Going solo against teams of 3 forced absolute prioritization. I chose to build 4 focused services rather than one monolithic app — this let me test each service independently and iterate faster without the coordination overhead that teams face.
Qwen3-4B is a beast for its size via Ollama — the GGUF Q4_K_M quantization runs on consumer hardware while maintaining strong instruction-following. Combined with the 15K context window and strict factuality prompts, it answers insurance questions accurately without hallucinating.
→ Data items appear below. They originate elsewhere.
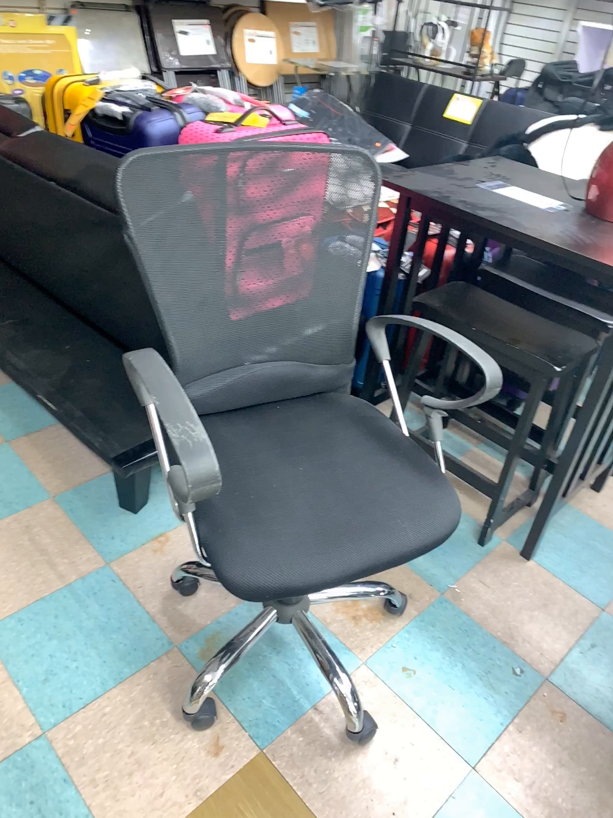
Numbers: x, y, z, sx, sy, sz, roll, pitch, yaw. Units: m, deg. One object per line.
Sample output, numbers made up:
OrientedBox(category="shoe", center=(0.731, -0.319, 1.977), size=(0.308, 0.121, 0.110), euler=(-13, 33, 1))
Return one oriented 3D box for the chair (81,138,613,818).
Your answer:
OrientedBox(category="chair", center=(0.020, 0.119, 1.148), size=(0.621, 1.019, 0.603), euler=(-12, 40, -26))

FlashRank re-ranking was the biggest accuracy win after data quality. The difference between naive vector search and re-ranked results was dramatic — it eliminated the 'right category, wrong product' failure mode that plagued early iterations.
Docker Compose per service is the solo developer's secret weapon for hackathons. Each service has its own docker-compose.yml, which means I could demo any subset of the system even if other parts were still in development.